Exercise prompt -
For the entries below, the expected answer is the line with "1247 1262 0", the line with "Satellite picture, France, April", and every line between them, exactly as written, and nothing more.
──────── Material shown
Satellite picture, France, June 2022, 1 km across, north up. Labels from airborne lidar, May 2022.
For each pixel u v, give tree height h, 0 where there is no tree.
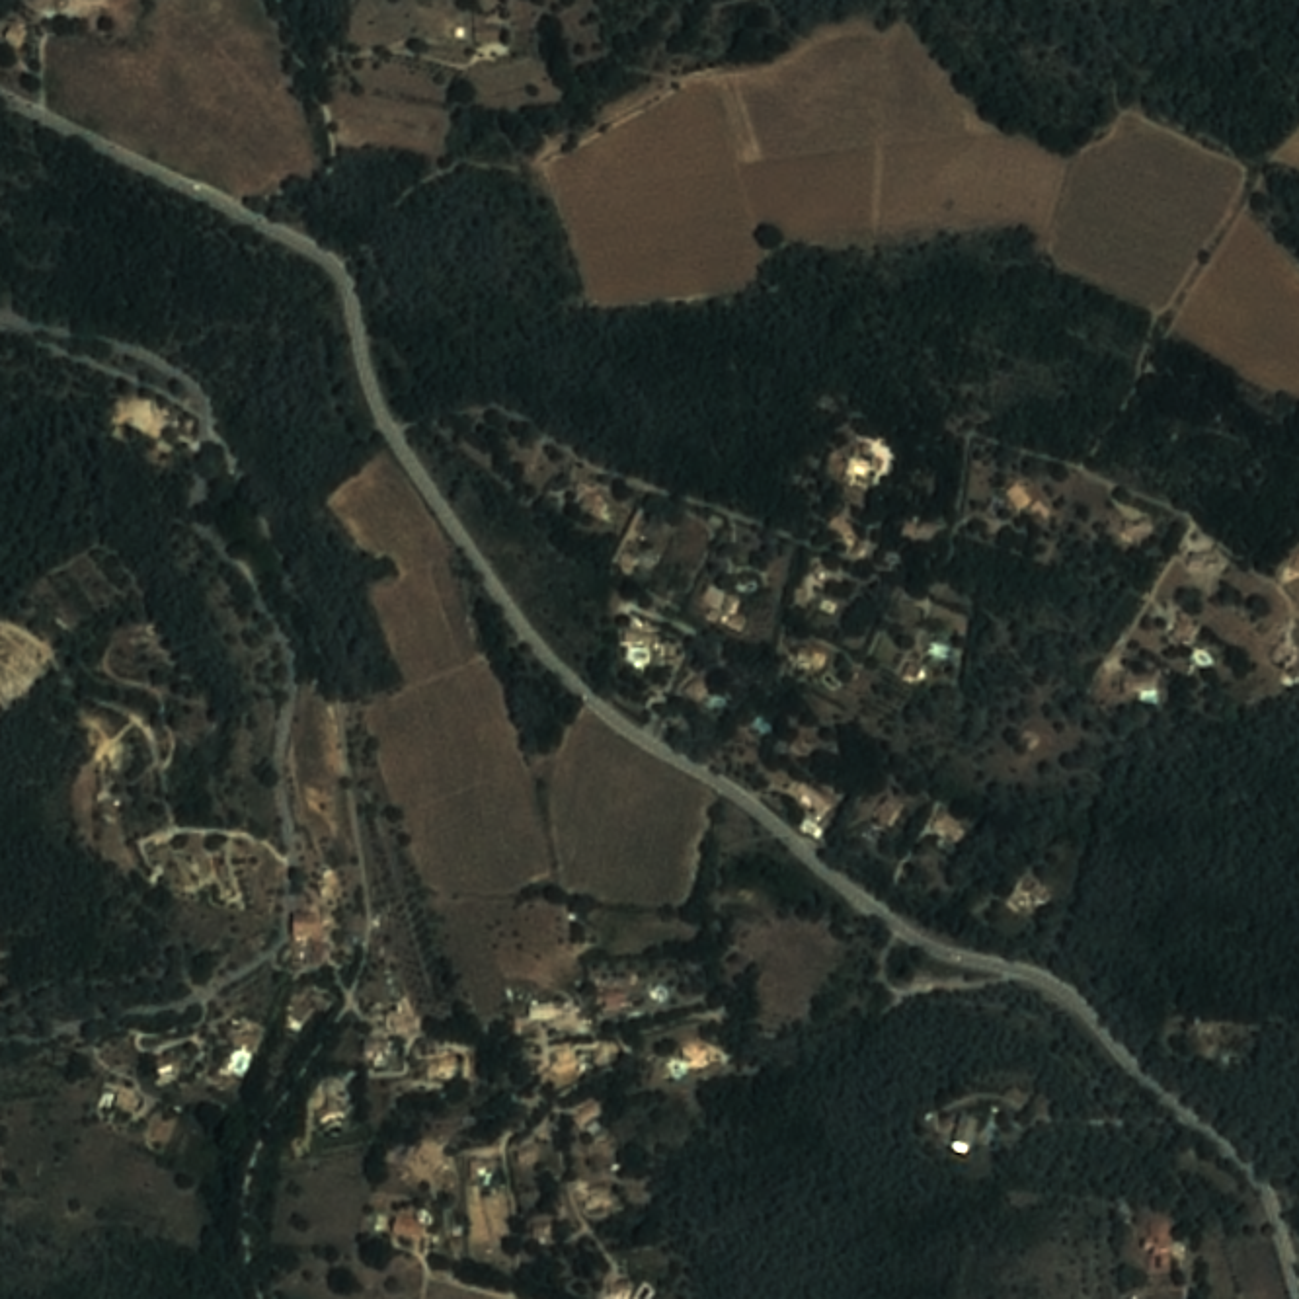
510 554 0
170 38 0
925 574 13
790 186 0
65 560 7
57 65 0
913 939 0
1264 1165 16
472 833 0
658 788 0
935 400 11
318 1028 8
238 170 0
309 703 0
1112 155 0
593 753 0
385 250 18
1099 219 0
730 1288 14
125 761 0
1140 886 17
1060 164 0
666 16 14
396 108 0
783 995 0
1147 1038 21
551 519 10
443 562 0
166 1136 0
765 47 7
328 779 0
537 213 15
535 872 0
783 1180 9
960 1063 9
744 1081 11
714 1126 7
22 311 12
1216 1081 16
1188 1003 15
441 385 11
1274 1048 16
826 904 12
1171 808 18
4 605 10
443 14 0
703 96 0
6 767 9
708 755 18
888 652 0
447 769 0
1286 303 0
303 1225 10
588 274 0
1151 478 9
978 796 6
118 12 0
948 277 12
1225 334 0
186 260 9
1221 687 9
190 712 11
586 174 0
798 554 6
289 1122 9
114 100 0
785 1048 18
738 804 0
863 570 13
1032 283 11
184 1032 14
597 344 14
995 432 8
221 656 11
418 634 0
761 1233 15
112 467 10
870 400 9
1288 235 12
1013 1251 16
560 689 10
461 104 13
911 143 0
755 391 10
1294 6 6
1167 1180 18
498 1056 14
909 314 6
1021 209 0
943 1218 10
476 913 0
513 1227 12
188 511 13
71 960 13
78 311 6
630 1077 16
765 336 10
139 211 11
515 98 0
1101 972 12
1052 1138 12
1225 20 14
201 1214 0
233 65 0
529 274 16
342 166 18
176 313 10
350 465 17
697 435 13
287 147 0
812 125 0
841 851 18
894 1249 13
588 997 9
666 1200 11
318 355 18
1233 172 0
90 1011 23
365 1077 11
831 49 0
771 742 12
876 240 0
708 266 0
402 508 0
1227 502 11
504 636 9
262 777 8
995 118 13
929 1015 15
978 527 11
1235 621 0
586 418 12
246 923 0
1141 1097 6
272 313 8
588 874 0
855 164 0
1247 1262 0
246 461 9
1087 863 10
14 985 10
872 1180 16
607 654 10
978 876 17
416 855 0
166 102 0
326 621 20
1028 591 8
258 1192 6
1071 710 19
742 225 0
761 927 0
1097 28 15
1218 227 0
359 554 7
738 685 18
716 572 16
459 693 0
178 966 16
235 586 9
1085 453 9
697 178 0
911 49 0
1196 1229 11
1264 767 14
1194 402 7
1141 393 10
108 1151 0
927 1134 14
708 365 12
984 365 7
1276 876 19
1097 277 0
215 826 6
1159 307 0
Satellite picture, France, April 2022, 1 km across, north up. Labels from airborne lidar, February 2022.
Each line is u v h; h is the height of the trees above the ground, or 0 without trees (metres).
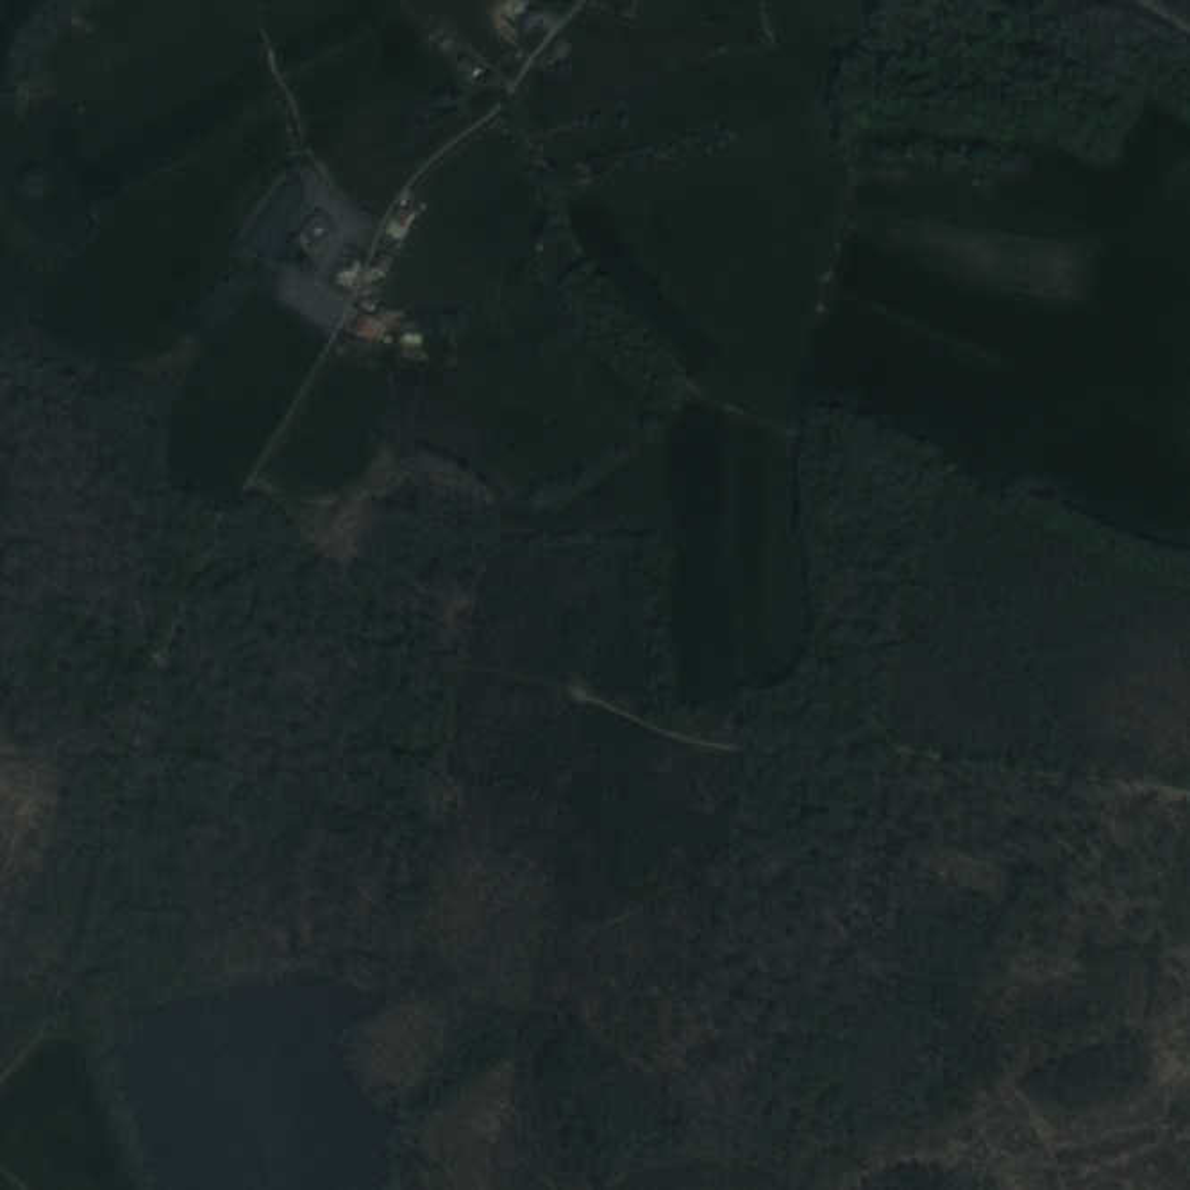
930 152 19
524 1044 7
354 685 24
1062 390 0
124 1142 16
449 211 0
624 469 0
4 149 0
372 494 0
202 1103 0
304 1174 0
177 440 0
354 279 0
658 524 0
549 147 0
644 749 8
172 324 0
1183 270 0
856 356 0
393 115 0
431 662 25
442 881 0
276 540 26
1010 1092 0
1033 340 0
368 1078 11
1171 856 27
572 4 10
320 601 25
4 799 0
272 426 0
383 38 0
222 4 0
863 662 27
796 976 26
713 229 0
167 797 24
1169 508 0
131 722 25
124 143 0
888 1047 18
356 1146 0
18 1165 0
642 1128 17
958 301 0
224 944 28
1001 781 23
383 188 0
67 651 26
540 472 0
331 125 0
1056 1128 0
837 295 0
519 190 0
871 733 25
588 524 0
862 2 0
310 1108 0
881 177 0
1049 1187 0
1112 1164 0
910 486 26
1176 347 0
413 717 23
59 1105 0
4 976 18
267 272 12
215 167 0
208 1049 0
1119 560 20
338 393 0
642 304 0
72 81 0
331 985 0
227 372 0
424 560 23
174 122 0
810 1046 26
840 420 21
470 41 0
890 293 0
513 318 0
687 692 0
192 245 0
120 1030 0
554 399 0
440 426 0
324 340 0
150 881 24
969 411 0
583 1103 11
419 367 0
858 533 20
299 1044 0
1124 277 0
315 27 0
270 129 0
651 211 0
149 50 0
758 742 21
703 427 0
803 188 0
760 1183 0
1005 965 21
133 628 27
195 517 28
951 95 27
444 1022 0
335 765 20
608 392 0
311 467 0
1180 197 0
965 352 0
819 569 21
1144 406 0
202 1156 0
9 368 10
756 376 0
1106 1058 14
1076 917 29
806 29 0
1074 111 21
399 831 24
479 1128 0
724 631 0
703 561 0
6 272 0
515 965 0
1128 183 0
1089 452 0
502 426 0
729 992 24
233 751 24
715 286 0
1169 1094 0
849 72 22
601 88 0
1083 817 22
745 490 0
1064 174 0
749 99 0
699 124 0
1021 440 0
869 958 26
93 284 0
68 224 0
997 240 0
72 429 27
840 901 27
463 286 0
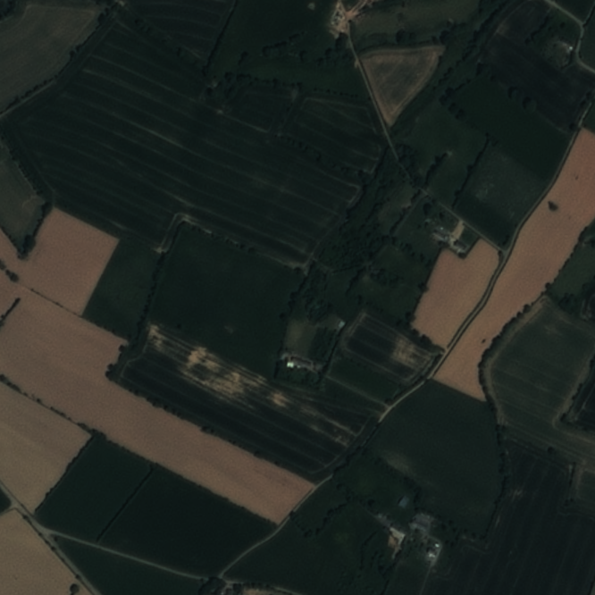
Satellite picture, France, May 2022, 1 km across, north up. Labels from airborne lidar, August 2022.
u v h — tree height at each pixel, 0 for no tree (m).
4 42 0
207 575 0
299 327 0
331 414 0
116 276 0
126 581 0
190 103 0
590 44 0
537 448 0
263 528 0
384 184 12
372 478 0
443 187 0
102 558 0
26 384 0
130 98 0
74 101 0
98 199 0
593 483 0
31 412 0
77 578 8
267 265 0
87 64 0
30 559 0
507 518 0
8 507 0
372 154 0
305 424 0
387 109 0
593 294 0
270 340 0
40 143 0
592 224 0
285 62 0
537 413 0
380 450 0
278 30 0
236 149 0
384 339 0
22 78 0
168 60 0
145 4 0
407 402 0
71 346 0
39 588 0
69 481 0
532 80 0
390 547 0
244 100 0
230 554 0
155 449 0
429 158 0
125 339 9
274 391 0
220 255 0
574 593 0
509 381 0
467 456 0
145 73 0
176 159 0
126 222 0
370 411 0
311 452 0
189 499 0
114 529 0
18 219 0
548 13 0
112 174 0
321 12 0
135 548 0
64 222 0
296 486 0
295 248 0
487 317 0
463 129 0
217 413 0
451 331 0
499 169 0
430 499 0
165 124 0
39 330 0
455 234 0
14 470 0
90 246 0
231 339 0
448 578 0
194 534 0
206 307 0
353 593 0
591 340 0
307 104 0
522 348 0
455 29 17
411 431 0
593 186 0
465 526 0
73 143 0
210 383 0
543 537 0
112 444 7
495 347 12
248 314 0
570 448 0
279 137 7
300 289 6
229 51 0
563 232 0
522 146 0
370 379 0
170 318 0
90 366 0
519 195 0
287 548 0
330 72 0
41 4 0
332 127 0
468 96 0
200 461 0
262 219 0
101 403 0
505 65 0
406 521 0
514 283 0
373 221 6
────────────────
Response to this task -
1247 1262 0
246 461 9
1087 863 10
14 985 10
872 1180 16
607 654 10
978 876 17
416 855 0
166 102 0
326 621 20
1028 591 8
258 1192 6
1071 710 19
742 225 0
761 927 0
1097 28 15
1218 227 0
359 554 7
738 685 18
716 572 16
459 693 0
178 966 16
235 586 9
1085 453 9
697 178 0
911 49 0
1196 1229 11
1264 767 14
1194 402 7
1141 393 10
108 1151 0
927 1134 14
708 365 12
984 365 7
1276 876 19
1097 277 0
215 826 6
1159 307 0
Satellite picture, France, April 2022, 1 km across, north up. Labels from airborne lidar, February 2022.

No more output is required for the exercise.